Static information storage and retrieval – Addressing – Sync/clocking
Reexamination Certificate
2001-04-13
2001-11-27
Dinh, Son T. (Department: 2824)
Static information storage and retrieval
Addressing
Sync/clocking
C365S194000, C365S203000, C365S233500
Reexamination Certificate
active
06324122
ABSTRACT:
BACKGROUND OF THE INVENTION
1. Field of the Invention
This invention generally relates to electronic memories and more specifically to synchronous random access memory design.
2. Description of Related Art
Random access memory (RAM) is the most common type of memory found in computers, printers and other devices that use microprocessors. Memory is required in microprocessors because only data that is stored in memory can be manipulated. The two basic types of RAM are dynamic RAM (DRAM) and static RAM (SRAM). SRAM is faster and more reliable than the more common and less expensive DRAM.
SRAM is typically used for cache memory which is accessed frequently, and DRAM is used for main memory. Additionally, many systems allow for direct memory access (DMA) to RAM. DMA is a technique for transferring data from memory to a processor without passing it through a memory management system.
Regardless of whether and how a SRAM or DRAM is used and implemented, the overall architecture is somewhat standard. All RAM modules contain an array of memory cells and have peripheral circuits. A memory cell stores either a single bit of information (1 or 0) or a group of bits, depending upon the architecture of the RAM module. Each memory cell is defined by a unique address and accessed with peripheral circuits.
Synchronous RAM uses a clock signal to time the phases of operation of the RAM module. For active-high logic circuits, the set-up phase is performed during the high portion of the clock signal and the access phase (“AC phase”) during the low portion. The phases of an active-low circuit are performed in the opposite clock states.

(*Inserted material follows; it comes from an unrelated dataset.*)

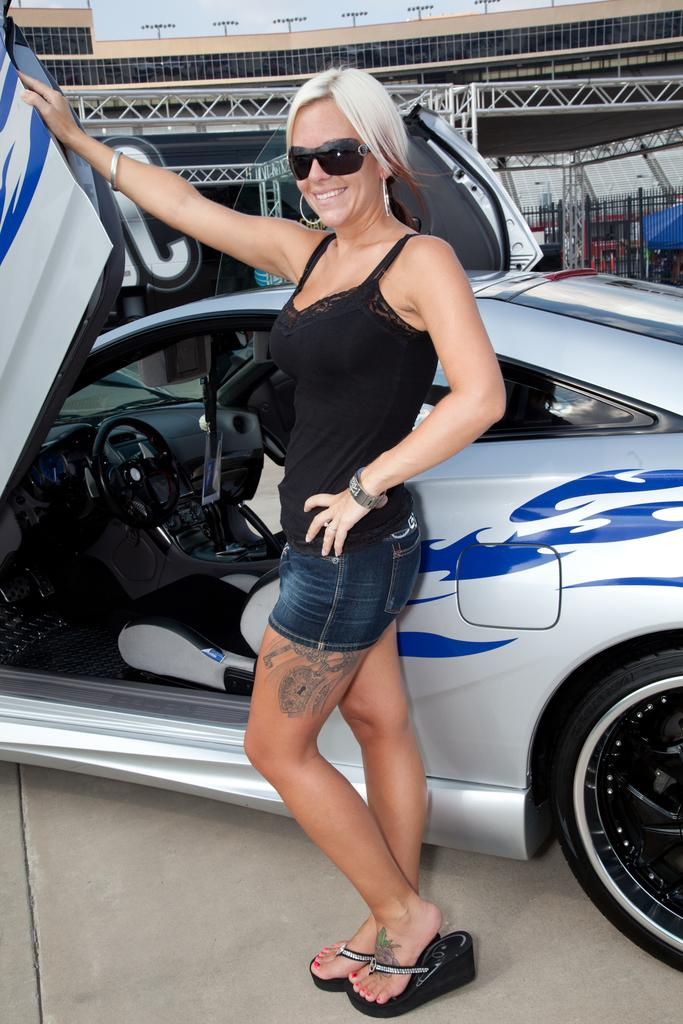What is the main subject in the foreground of the image? There is a woman standing near a car in the foreground. What can be seen in the background of the image? There is a stadium and lights visible in the background. What is the condition of the sky in the image? The sky is visible in the background. How many experts are present in the image? There is no mention of experts in the image, so it is not possible to determine their presence or number.

Certain types of asynchronous RAM also use the set-up phase and the AC phase to time its operation. When a request is sent to the RAM, signal detection circuitry is used to initiate the set-up phase. A clock generation circuit, such as a boot-strap clock buffer, is then used to separate the AC phase from the set-up phase.
During the set-up phase, the address is decoded, the decision of whether to read or write is made, and, when necessary, the memory array pre-charges. The actual reading or writing to the memory cell is performed during the AC phase. Since both phases are necessary, only one complete read or write operation can be performed during a full clock cycle for a standard RAM module.
A DMA request, however, could occur at either the first half or the second half of a clock cycle. If a DMA request were received in the second half of a clock cycle, a RAM module would not be able to process the request until the next clock cycle, delaying the time that it would take to respond to the request. Additionally, the processor would need to arbitrate the DMA request. The microprocessor could only grant a DMA request by pausing its own use of the memory while allowing the device requesting the DMA to access the memory. Although dual port memory modules would allow for dual memory access during a single clock cycle, they are far too large and costly to be used regularly.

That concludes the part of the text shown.